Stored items
⟨

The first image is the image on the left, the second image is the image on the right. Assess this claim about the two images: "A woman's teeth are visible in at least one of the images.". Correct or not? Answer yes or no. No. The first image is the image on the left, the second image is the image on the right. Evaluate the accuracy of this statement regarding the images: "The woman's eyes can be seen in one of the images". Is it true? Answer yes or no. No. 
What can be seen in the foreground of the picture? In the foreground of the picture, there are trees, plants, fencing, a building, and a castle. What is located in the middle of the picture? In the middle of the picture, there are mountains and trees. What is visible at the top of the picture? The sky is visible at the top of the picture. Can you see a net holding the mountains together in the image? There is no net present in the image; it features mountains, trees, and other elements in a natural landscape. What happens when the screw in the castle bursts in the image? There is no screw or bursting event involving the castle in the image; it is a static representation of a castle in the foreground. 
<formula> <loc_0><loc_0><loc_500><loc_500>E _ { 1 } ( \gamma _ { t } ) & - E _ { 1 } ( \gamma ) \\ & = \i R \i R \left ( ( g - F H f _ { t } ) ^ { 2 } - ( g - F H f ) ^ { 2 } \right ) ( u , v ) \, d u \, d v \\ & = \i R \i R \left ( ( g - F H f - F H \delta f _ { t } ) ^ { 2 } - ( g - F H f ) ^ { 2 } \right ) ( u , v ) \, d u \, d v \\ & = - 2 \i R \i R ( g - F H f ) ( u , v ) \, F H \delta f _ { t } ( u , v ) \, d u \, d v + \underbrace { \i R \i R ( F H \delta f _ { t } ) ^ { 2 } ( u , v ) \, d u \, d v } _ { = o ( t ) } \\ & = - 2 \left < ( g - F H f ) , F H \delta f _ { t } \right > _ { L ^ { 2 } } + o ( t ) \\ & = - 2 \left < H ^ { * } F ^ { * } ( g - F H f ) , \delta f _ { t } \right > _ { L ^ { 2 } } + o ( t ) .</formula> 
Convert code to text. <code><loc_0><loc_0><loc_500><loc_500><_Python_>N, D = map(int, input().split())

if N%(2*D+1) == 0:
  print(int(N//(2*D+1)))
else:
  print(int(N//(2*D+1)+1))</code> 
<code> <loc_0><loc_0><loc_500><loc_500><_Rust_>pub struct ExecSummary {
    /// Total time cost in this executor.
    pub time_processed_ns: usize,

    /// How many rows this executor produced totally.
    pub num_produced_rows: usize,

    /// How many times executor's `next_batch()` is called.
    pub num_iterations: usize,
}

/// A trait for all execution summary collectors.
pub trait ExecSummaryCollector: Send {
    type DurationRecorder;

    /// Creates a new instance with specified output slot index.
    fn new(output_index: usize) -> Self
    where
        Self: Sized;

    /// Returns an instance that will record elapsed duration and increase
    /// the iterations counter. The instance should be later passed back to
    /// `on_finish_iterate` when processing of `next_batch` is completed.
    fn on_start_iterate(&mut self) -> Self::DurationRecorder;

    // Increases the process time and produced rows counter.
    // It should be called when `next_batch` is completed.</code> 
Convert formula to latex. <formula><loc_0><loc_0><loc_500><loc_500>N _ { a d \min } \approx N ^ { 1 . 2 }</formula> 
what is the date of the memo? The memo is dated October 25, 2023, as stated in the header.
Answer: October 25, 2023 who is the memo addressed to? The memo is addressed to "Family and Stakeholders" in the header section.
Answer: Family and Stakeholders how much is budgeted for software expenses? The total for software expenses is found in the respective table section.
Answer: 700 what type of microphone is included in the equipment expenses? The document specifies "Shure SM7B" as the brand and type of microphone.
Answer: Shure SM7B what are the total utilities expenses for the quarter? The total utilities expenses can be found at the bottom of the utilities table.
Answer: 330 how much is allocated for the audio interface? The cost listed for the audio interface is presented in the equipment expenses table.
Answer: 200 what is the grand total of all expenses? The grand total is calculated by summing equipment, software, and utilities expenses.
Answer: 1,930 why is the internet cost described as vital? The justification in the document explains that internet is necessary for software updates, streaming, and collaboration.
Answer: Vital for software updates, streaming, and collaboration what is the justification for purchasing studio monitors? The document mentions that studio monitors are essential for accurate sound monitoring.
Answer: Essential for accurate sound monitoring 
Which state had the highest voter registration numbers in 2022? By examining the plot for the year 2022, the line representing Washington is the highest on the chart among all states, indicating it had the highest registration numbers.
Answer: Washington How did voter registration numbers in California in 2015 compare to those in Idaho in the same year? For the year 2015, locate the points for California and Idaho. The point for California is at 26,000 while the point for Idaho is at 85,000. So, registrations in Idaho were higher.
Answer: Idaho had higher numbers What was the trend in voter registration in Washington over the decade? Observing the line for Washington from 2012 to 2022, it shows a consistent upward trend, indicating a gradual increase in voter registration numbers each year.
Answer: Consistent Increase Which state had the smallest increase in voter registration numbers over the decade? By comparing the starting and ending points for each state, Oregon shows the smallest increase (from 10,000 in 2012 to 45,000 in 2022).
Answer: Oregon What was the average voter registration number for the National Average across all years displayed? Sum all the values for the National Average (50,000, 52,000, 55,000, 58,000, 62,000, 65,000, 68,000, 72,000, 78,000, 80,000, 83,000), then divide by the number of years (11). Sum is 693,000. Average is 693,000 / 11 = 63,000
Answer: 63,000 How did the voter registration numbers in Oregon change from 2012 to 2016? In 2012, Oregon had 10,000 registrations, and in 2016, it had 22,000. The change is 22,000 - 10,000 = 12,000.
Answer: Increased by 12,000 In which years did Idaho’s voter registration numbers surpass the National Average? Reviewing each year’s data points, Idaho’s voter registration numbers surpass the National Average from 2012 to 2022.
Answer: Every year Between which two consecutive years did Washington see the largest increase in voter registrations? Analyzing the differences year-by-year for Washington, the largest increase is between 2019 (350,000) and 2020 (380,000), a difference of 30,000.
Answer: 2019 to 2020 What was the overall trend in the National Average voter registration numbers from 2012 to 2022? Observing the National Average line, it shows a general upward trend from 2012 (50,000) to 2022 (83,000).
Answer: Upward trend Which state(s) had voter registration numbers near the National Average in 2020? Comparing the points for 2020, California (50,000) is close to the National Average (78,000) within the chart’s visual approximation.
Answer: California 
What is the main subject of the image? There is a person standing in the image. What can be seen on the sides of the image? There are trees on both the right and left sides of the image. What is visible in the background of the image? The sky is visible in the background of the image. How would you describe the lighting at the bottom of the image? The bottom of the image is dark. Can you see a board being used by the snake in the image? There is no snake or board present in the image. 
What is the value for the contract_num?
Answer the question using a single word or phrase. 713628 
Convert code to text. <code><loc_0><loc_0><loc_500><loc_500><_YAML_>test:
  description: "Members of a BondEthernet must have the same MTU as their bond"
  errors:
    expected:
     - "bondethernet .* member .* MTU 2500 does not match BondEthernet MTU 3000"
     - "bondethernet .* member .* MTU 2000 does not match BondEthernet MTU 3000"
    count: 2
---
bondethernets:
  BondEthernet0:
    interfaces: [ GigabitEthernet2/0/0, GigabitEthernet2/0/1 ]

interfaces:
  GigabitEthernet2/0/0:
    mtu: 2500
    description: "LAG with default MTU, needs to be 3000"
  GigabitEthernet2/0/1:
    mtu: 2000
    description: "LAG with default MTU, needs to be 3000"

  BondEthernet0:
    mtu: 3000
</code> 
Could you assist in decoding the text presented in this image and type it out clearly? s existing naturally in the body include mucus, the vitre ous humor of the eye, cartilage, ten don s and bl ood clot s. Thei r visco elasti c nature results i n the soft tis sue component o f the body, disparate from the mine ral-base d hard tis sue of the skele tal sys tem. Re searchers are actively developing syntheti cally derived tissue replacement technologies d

⟩

> Task goal
What is wanted is every line from the first line of the entries through the line that contains "print(int(N//(2*D+1)+1))</code>", given again exactly.

> Result for this task
The first image is the image on the left, the second image is the image on the right. Assess this claim about the two images: "A woman's teeth are visible in at least one of the images.". Correct or not? Answer yes or no. No. The first image is the image on the left, the second image is the image on the right. Evaluate the accuracy of this statement regarding the images: "The woman's eyes can be seen in one of the images". Is it true? Answer yes or no. No. 
What can be seen in the foreground of the picture? In the foreground of the picture, there are trees, plants, fencing, a building, and a castle. What is located in the middle of the picture? In the middle of the picture, there are mountains and trees. What is visible at the top of the picture? The sky is visible at the top of the picture. Can you see a net holding the mountains together in the image? There is no net present in the image; it features mountains, trees, and other elements in a natural landscape. What happens when the screw in the castle bursts in the image? There is no screw or bursting event involving the castle in the image; it is a static representation of a castle in the foreground. 
<formula> <loc_0><loc_0><loc_500><loc_500>E _ { 1 } ( \gamma _ { t } ) & - E _ { 1 } ( \gamma ) \\ & = \i R \i R \left ( ( g - F H f _ { t } ) ^ { 2 } - ( g - F H f ) ^ { 2 } \right ) ( u , v ) \, d u \, d v \\ & = \i R \i R \left ( ( g - F H f - F H \delta f _ { t } ) ^ { 2 } - ( g - F H f ) ^ { 2 } \right ) ( u , v ) \, d u \, d v \\ & = - 2 \i R \i R ( g - F H f ) ( u , v ) \, F H \delta f _ { t } ( u , v ) \, d u \, d v + \underbrace { \i R \i R ( F H \delta f _ { t } ) ^ { 2 } ( u , v ) \, d u \, d v } _ { = o ( t ) } \\ & = - 2 \left < ( g - F H f ) , F H \delta f _ { t } \right > _ { L ^ { 2 } } + o ( t ) \\ & = - 2 \left < H ^ { * } F ^ { * } ( g - F H f ) , \delta f _ { t } \right > _ { L ^ { 2 } } + o ( t ) .</formula> 
Convert code to text. <code><loc_0><loc_0><loc_500><loc_500><_Python_>N, D = map(int, input().split())

if N%(2*D+1) == 0:
  print(int(N//(2*D+1)))
else:
  print(int(N//(2*D+1)+1))</code> 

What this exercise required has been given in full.